[YOUR TASK]
Copy all lines below that use the word "Numbers".

(Items from a dataset)
————————

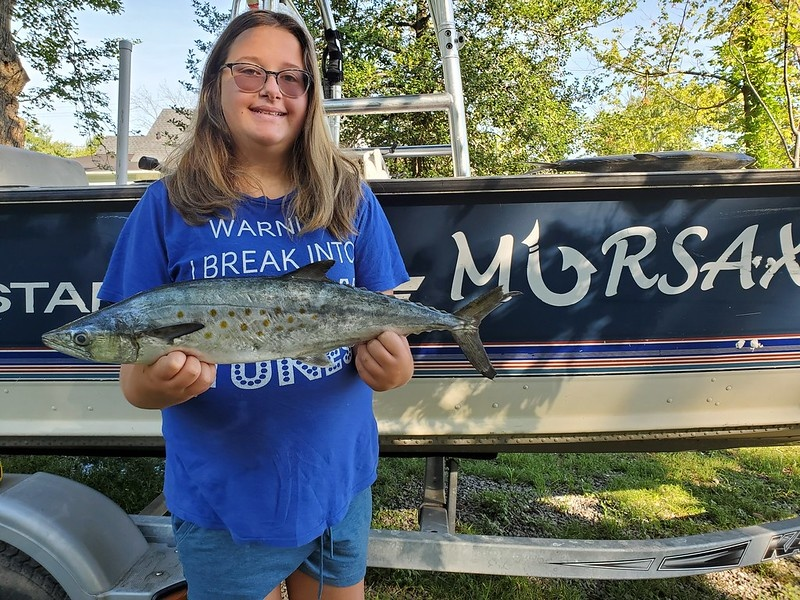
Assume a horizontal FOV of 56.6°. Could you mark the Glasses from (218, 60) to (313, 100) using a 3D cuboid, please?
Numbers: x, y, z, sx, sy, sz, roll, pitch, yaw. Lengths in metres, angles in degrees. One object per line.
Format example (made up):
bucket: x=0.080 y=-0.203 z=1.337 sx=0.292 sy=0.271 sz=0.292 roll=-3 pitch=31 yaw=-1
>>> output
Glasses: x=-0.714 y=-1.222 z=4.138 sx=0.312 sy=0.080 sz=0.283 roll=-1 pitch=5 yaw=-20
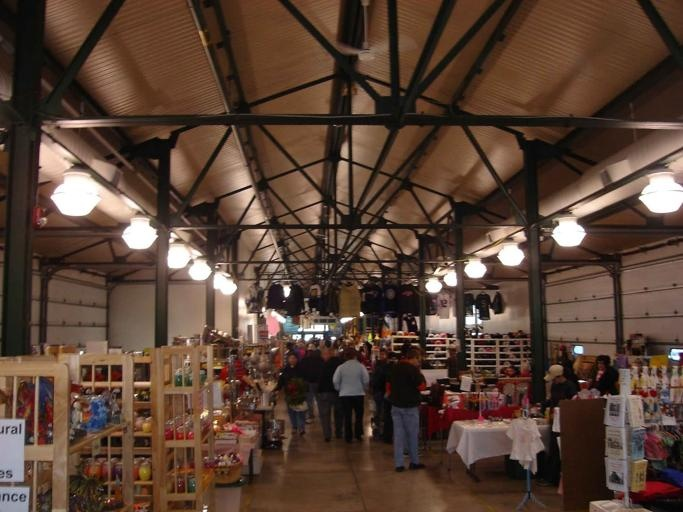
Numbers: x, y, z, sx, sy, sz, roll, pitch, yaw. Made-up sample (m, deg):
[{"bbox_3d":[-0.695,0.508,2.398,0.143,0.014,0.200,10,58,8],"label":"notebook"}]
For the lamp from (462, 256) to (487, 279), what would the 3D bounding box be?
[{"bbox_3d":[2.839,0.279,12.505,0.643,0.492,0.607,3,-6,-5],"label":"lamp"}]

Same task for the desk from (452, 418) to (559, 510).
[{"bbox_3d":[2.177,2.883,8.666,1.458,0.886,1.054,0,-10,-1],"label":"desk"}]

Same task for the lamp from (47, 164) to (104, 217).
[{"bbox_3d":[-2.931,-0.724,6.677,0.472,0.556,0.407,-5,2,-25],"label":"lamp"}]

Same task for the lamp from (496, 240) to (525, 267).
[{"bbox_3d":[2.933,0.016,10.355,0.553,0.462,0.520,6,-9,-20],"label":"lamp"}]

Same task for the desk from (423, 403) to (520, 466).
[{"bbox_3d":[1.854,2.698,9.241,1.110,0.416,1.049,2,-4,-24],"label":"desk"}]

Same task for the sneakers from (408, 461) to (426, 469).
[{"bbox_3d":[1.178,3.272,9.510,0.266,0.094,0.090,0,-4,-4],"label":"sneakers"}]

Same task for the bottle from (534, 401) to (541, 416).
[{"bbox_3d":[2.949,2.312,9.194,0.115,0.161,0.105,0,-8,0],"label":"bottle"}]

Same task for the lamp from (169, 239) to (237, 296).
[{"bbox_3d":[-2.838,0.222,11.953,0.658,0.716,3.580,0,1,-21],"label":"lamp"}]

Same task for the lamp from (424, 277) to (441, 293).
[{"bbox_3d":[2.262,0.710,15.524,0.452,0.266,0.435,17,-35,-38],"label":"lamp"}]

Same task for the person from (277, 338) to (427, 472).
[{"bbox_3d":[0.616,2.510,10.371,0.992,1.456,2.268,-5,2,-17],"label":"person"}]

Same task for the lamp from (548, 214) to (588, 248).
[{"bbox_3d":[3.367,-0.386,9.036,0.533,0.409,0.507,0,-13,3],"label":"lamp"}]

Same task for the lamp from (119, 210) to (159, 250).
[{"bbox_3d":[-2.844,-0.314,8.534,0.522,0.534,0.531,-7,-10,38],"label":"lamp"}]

————————

[ANSWER AREA]
Numbers: x, y, z, sx, sy, sz, roll, pitch, yaw. Lengths in metres, angles in degrees. One object per line.
Numbers: x, y, z, sx, sy, sz, roll, pitch, yaw. Made-up sample (m, deg):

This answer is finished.